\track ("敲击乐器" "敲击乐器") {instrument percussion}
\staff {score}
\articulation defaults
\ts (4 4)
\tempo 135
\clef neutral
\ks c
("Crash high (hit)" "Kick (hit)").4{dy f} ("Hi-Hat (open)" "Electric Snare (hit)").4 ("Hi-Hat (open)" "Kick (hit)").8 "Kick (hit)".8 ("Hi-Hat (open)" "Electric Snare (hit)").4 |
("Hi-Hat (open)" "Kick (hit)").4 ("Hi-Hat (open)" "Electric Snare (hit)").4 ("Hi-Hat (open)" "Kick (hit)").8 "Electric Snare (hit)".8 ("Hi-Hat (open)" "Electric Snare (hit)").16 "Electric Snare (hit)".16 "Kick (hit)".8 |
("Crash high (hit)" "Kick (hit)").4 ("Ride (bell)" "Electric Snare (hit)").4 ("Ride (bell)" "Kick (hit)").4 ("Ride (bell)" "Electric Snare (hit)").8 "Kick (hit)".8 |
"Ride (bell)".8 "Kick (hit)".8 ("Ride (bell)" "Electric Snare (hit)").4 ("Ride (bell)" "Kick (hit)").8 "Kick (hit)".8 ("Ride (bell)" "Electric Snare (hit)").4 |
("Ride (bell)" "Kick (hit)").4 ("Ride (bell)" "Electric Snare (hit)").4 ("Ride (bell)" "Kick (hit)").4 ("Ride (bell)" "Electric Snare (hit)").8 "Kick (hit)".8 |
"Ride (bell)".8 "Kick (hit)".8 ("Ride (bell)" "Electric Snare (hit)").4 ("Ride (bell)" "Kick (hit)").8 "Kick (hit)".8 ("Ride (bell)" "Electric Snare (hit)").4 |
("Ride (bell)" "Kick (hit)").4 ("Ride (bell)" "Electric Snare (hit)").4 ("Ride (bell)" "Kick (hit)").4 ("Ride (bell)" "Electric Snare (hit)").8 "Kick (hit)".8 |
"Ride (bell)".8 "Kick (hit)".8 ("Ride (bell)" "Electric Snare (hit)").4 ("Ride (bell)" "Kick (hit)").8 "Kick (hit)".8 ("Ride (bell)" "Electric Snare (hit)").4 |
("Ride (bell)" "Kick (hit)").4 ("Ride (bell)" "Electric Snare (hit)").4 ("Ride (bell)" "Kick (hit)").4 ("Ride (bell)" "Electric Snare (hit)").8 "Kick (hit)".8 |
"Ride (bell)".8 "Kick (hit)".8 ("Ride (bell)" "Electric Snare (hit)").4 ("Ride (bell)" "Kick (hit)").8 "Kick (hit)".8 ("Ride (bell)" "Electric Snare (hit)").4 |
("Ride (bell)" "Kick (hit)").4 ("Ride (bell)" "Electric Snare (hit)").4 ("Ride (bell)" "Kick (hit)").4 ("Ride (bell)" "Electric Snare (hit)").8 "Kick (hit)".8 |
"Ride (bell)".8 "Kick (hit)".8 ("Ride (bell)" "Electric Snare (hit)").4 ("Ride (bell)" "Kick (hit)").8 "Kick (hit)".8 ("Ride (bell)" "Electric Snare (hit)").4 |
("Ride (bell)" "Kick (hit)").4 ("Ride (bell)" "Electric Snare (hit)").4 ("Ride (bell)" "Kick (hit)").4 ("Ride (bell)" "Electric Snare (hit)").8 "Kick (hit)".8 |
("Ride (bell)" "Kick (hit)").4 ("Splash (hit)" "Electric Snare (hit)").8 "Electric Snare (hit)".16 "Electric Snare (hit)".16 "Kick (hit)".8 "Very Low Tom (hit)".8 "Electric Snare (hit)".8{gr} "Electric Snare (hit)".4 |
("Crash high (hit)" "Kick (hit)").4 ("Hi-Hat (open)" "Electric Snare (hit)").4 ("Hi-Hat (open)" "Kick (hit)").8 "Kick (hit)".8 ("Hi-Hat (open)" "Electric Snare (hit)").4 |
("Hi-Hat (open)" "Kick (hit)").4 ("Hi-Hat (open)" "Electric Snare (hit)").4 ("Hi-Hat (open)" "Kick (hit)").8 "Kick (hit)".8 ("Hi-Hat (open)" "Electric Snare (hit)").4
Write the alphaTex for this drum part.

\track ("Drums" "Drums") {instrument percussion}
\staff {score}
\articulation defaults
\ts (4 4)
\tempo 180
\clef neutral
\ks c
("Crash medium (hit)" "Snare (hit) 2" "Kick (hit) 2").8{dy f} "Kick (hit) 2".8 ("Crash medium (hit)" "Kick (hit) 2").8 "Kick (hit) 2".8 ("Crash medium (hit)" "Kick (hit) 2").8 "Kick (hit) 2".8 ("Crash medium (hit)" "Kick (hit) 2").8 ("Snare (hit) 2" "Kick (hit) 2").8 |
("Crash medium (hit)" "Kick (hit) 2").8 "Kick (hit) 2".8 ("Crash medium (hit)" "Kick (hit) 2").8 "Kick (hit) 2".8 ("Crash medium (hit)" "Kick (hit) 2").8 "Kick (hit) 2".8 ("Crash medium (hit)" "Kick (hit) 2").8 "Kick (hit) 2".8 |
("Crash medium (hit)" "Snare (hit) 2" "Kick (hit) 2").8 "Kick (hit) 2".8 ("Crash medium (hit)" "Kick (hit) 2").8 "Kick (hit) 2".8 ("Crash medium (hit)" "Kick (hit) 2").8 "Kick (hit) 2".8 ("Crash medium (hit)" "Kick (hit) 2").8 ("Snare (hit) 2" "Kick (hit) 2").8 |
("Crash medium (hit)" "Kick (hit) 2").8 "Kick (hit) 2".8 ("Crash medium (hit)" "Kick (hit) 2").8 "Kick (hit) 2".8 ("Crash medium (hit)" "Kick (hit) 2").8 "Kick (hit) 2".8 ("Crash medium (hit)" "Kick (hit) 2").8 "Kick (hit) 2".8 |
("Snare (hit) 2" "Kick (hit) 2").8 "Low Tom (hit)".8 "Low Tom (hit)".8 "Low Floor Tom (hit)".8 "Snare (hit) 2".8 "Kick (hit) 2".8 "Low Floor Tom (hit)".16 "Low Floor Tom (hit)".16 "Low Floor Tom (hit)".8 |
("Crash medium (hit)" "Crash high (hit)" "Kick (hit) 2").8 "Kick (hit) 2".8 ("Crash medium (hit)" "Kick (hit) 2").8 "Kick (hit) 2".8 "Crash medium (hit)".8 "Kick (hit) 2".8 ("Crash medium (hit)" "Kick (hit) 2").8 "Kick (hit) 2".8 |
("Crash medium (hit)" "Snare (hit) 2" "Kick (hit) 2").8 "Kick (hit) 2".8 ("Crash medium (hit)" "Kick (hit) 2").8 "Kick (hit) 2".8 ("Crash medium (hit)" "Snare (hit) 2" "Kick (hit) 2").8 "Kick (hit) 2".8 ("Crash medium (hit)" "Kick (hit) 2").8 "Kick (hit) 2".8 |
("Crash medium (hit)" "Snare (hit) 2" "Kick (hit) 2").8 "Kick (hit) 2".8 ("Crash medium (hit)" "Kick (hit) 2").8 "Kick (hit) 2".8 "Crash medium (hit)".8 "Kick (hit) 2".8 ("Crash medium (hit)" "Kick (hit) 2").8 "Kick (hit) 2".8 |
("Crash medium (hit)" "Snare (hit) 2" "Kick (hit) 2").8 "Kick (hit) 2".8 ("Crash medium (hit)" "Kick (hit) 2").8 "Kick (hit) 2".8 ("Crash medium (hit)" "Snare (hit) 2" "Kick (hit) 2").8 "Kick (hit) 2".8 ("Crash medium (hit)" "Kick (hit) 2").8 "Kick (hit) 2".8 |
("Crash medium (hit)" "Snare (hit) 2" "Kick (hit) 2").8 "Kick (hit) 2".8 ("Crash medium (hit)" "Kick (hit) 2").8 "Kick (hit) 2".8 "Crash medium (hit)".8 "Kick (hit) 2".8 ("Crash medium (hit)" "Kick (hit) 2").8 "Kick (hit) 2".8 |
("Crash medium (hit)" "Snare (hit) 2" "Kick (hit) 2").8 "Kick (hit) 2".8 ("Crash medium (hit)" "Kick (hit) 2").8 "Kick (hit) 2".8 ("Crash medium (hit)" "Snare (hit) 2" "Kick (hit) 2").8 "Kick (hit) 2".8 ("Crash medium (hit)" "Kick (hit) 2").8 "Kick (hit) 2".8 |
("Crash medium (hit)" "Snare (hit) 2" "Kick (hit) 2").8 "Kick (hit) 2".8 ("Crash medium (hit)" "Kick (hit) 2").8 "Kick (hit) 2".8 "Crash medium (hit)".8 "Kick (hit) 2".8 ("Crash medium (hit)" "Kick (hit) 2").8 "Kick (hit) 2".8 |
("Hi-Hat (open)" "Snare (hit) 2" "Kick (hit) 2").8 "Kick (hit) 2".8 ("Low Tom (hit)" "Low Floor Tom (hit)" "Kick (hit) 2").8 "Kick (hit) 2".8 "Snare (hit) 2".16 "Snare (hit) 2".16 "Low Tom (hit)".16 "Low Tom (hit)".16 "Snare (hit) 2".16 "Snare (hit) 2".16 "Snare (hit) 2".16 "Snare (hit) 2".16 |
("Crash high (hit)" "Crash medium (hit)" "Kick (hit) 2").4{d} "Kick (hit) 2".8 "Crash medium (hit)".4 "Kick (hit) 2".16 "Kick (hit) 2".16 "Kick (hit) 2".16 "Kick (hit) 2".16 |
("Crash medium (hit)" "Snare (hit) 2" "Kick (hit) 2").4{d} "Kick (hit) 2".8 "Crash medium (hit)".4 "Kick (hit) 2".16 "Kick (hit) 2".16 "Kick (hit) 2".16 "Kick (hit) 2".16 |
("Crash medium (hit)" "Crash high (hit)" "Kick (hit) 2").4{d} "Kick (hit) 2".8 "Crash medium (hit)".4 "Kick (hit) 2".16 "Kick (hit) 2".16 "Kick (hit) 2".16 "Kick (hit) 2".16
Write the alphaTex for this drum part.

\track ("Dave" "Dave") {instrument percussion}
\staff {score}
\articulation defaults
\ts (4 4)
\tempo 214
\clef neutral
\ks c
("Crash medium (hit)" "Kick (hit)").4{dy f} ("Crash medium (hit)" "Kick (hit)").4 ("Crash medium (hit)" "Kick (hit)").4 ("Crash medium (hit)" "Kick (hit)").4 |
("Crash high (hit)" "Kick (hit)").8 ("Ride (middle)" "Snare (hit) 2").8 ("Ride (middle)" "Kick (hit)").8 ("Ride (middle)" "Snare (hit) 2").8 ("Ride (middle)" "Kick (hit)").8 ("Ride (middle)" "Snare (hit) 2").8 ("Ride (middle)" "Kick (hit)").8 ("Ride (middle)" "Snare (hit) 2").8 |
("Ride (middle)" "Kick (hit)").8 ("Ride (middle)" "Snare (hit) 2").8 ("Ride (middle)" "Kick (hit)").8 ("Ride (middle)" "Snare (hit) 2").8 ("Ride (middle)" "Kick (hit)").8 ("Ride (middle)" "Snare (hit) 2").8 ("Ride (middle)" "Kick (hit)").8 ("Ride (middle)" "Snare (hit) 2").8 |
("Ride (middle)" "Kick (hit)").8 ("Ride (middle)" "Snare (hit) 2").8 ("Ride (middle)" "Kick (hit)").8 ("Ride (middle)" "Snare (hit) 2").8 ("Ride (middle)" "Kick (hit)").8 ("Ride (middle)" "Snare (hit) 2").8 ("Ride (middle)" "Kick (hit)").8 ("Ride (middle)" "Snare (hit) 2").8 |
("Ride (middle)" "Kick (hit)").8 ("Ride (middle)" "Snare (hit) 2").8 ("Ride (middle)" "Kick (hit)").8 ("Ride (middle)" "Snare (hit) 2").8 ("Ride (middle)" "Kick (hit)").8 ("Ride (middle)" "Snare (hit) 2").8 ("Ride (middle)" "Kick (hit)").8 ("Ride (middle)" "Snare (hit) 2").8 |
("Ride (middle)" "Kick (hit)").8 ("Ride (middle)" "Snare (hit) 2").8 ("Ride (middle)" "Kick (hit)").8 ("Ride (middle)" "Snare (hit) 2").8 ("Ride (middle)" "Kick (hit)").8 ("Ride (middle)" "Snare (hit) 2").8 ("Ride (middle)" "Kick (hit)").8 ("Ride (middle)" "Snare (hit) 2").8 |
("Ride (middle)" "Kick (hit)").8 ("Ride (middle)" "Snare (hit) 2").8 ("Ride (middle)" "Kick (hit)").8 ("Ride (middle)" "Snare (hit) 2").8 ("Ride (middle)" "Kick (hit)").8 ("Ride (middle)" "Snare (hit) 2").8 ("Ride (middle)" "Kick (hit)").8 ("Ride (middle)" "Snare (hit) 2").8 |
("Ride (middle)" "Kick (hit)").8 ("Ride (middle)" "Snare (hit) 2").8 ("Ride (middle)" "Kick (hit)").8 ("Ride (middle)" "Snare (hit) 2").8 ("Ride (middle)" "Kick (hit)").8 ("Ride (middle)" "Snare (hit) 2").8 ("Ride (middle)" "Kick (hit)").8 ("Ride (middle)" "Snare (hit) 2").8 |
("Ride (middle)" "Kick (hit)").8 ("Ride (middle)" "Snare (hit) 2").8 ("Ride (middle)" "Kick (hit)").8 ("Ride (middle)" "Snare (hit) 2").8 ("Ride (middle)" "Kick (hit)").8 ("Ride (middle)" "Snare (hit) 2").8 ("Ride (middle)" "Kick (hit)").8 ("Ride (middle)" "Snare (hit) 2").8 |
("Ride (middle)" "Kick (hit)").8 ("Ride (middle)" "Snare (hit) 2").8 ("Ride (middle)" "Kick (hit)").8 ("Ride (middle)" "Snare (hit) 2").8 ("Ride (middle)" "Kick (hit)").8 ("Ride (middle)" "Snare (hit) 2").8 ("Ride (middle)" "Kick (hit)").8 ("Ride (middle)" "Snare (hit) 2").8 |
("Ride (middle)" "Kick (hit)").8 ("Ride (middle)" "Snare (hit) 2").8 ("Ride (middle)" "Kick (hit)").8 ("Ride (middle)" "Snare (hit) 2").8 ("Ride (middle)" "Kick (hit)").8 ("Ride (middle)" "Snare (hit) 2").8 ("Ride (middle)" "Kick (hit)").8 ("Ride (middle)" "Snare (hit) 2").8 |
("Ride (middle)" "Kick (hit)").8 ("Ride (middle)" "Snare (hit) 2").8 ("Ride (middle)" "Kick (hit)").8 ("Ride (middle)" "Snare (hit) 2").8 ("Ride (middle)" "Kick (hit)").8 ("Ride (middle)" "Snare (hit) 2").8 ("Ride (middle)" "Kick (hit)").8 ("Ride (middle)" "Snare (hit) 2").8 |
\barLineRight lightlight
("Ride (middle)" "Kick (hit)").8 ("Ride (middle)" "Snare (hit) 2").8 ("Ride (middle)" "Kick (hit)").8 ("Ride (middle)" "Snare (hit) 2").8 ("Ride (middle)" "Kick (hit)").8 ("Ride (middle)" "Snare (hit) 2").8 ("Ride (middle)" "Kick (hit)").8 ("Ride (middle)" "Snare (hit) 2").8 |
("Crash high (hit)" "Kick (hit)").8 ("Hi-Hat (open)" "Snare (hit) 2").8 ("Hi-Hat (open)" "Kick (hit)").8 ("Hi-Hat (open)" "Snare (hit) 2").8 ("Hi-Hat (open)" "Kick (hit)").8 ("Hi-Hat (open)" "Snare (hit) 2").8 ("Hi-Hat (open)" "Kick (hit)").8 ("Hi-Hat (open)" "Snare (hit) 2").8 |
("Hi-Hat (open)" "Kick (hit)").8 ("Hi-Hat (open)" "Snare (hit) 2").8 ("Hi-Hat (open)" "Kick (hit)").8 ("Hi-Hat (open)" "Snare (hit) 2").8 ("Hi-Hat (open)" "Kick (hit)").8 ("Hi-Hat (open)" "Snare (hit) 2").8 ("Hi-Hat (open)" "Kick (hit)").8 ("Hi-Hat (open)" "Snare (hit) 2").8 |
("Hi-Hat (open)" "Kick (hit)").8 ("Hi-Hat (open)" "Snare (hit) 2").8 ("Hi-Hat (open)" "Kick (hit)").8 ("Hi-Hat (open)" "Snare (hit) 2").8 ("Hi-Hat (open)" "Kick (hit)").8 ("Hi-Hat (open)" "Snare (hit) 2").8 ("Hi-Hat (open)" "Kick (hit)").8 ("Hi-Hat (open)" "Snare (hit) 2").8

-=-=-=-=-

Could you copy every line from the records that has "percussion" in it?

Result of the exercise ▸
\track ("敲击乐器" "敲击乐器") {instrument percussion}
\track ("Drums" "Drums") {instrument percussion}
\track ("Dave" "Dave") {instrument percussion}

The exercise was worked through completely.